Ela não respondeu, o estômago pesando novamente. E depois ele não entendia por que Machi fugia de sua companhia.

— Se continuar procurando vai só se machucar — ele continuou.

Machi fechou as mãos para segurar a raiva e seguiu até a casa. Sabia que Hisoka ainda estaria ali quando ela saísse. Sabia que ele iria tentar convencê-la de novo. Mas ele não entendia. Como poderia entender?

Quando o fungo começou a se espalhar — primeiro pela República de Padokia, depois pelo resto do mundo — a trupe estava separada. Parte estava na Cidade Meteoro, parte em Yorknew, parte na Arena Celestial. Parte sabe-se Deus onde. A devastação causada pela calamidade foi tão rápida que meios de comunicação foram os primeiros a serem cortados. Os de transporte, o segundo. Quando a humanidade começou a entender o que estava acontecendo, era tarde demais. A mutação causada pelo fungo, cujas teorias mais aceitas diziam que suas origens remontavam ao Continente Negro, podia ser tão violenta que, em alguns casos, poucos traços humanos restavam nos infectados. A pele mudava, ficava mais grossa. O sangue, mais escuro, quase roxo. Uns ficavam com membros deformados, com escaras ou tumores de todos os tamanhos e formatos possíveis.

Os que sobreviviam se consideravam imunes. Ou cuidadosos, já que o contágio se dava por contato. Ou apenas sortudos. Machi não sabia em qual grupo ela se incluía, e preferia não arriscar saber. Ao menos não até terminar sua busca. Se os amigos da Ryodan estivessem vivos, ela iria encontrá-los. Se estivessem transformados, também. Provavelmente teria que matá-los se esse fosse o caso, mas ao menos ela teria uma confirmação. Ter passado os dois últimos anos no escuro tinham sido pior que qualquer coisa que já tinha vivido.

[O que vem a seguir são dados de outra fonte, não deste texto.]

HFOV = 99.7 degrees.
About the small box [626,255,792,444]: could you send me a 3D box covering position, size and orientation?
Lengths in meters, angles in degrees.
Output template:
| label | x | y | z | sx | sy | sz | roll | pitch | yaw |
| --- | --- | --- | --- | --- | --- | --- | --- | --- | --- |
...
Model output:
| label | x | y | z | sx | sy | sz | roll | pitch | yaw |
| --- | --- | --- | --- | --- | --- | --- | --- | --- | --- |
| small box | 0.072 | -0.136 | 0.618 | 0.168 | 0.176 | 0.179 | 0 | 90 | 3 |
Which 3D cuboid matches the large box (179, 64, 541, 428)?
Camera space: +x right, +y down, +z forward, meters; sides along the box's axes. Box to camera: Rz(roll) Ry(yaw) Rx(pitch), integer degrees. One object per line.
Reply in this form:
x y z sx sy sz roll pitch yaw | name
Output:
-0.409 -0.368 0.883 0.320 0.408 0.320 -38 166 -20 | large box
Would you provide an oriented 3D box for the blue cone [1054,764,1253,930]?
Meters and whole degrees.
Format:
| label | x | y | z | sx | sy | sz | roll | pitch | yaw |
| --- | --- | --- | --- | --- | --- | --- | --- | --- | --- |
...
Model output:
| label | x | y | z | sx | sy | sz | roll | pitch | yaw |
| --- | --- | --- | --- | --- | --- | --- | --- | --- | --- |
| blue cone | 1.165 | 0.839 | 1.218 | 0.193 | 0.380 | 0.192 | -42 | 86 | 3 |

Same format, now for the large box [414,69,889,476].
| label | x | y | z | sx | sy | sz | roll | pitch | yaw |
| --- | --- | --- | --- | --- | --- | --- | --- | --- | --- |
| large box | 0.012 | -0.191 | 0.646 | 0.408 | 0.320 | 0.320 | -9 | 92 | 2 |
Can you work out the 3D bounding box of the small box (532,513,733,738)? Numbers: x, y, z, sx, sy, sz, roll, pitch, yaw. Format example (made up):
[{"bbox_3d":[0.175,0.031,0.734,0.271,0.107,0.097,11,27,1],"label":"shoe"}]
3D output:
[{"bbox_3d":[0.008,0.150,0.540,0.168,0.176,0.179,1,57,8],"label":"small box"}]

— Ei, eu não estou pagando por dois exterminadores — o homem da casa falou, vendo que Hisoka continua parado além das grades do seu terreno.

— Ignore ele — Machi respondeu — Seu negócio é comigo.

O homem concordou com a cabeça e a convidou para entrar. Ela olhou uma última vez para a cerca. Hisoka ainda a olhava, mas já sem o sorriso no rosto. Estava sério. Triste, quase. Merda! Preferia nele o sorriso torto de sempre. Machi queria que Hisoka ao menos aceitasse, já que não entendia. Mas ele podia ser teimoso como o diabo quando queria.

Machi desviou o olhar resignada. Entrou e bateu a porta. Ela também sabia ser teimosa.